# Pigeons & Climate



## dekebrent (Jun 17, 2005)

Appreciate any advice anyone has on this topic. I am going away for a trip, and will be having a friend look after my little buddy, Pete the Pigeon. My friend's house, however, tends to be a little warm in the summer -- sometimes reaching 90 degrees when it is very hot outside. It will only be for a couple of days. Will this be too hot for Pete the Pigeon? Will he handle the heat OK w/ a good supply of water? Or should I make alternative arrangements?


----------



## Pidgey (May 20, 2005)

Well, if he's not going to be exerting himself it shouldn't matter at all. Look how many pigeons live just under the roof of a metal building--it's gotta' get the better part of 120 degrees and they don't seem to care! And have you seen them standing on barn-tin in bare feet in the hot sun? You and I couldn't do it!

Pidgey


----------



## pdpbison (Mar 15, 2005)

Hi Pidgey,

He should be fine...

Daily fresh Water of course, a nice Bath now and then...

The ones here have to deal with sometimes 124 degrees on the outskirts of town, and certainly 118 intown is not uncommon.

Sometimes they pant...

How they can undure these heats amazes me.

Often, my little abode is 104 inside ( no air conditioning for this boy...) and they never seemed to mind.

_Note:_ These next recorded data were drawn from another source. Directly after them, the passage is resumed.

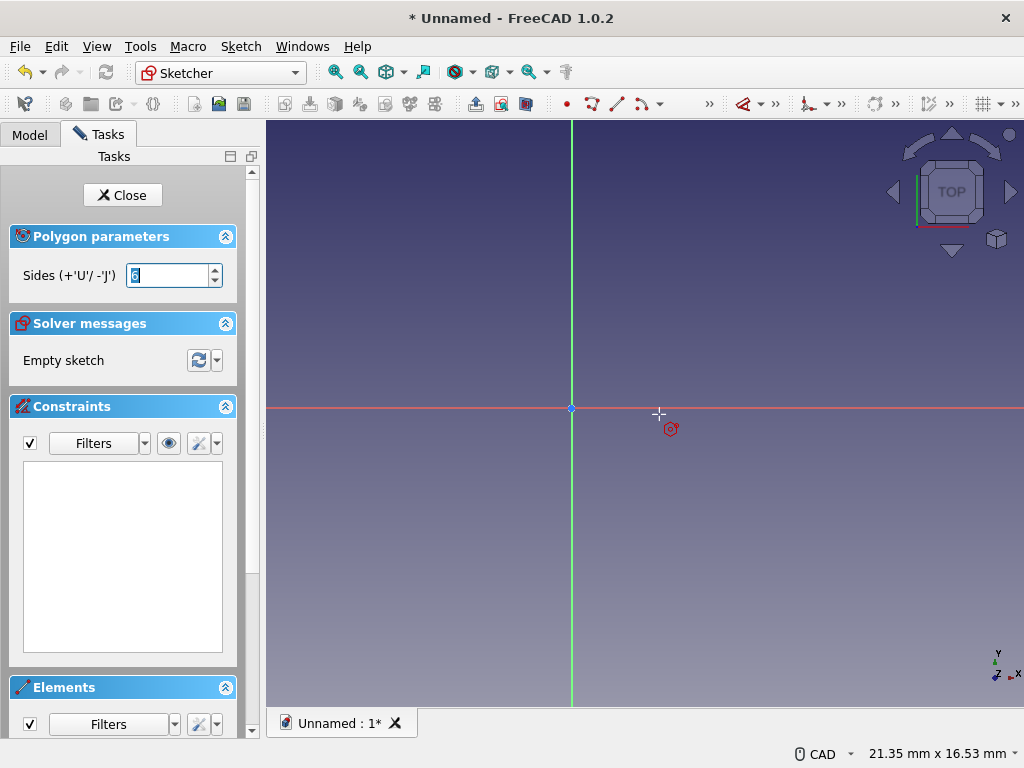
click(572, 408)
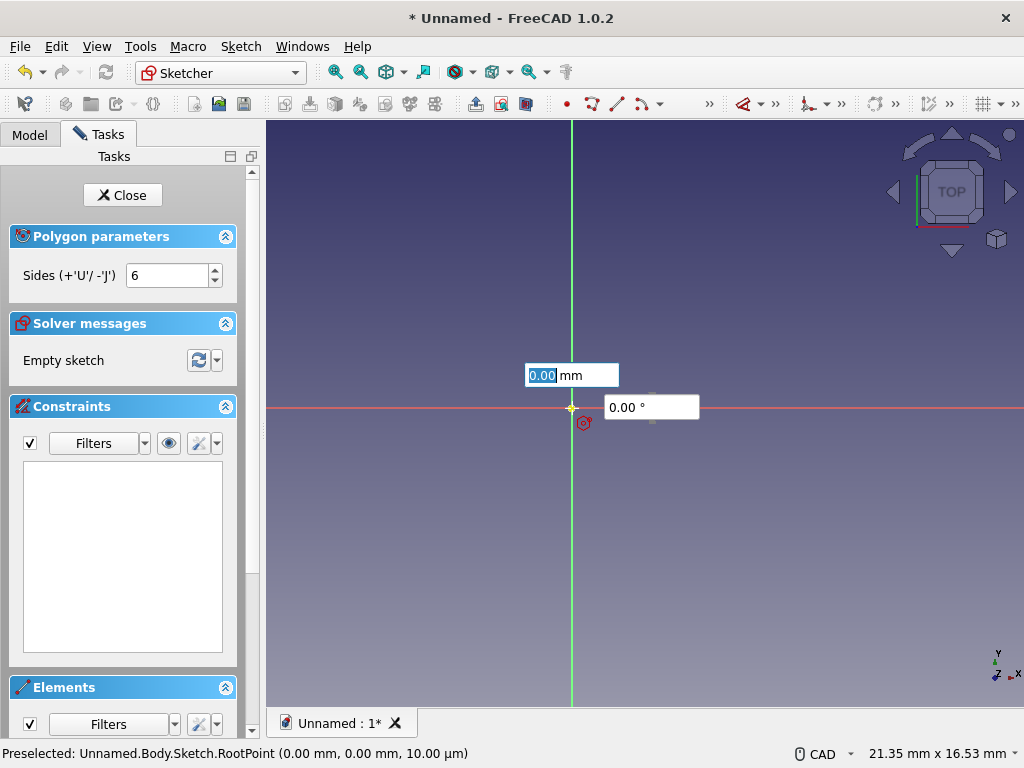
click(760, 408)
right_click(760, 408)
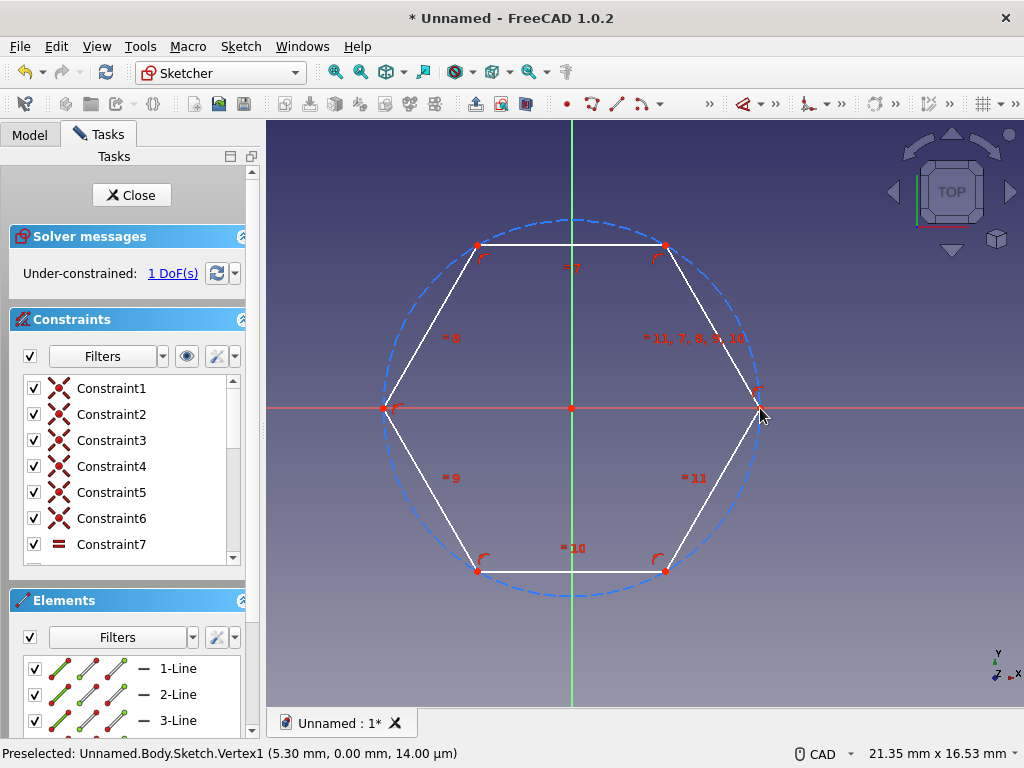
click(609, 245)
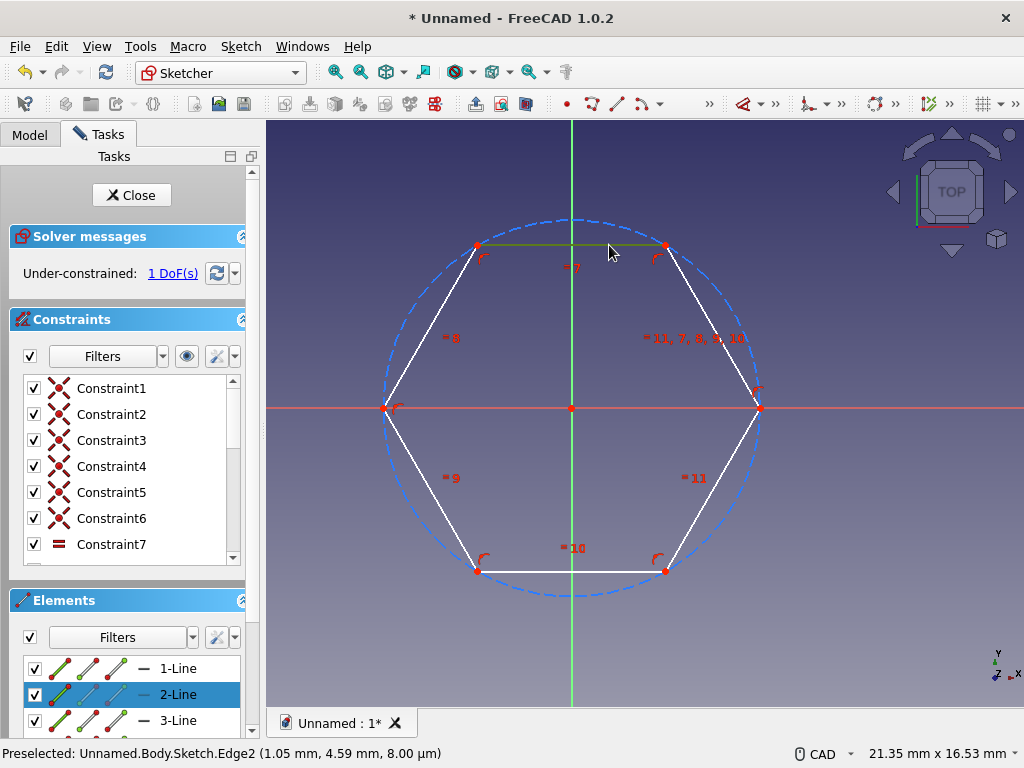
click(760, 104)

At midnight here, in Summer, it can still be over a hundered outside.

Phil
el ve


----------



## dekebrent (Jun 17, 2005)

Thanks to both of your for the prompt response. Pigeons are amazing in that they can deal w/ almost anything, it seems.


----------



## Skyeking (Jan 17, 2003)

Hi there,

I have 50 pigeons and live in Florida, where it reaches in the upper ninety's. They can handle extreme temperatures, but not drafts of wind or standing water. I just make sure their drinking water is always full, that they have shade, and pools to play in out in their aviaries.

Treesa


----------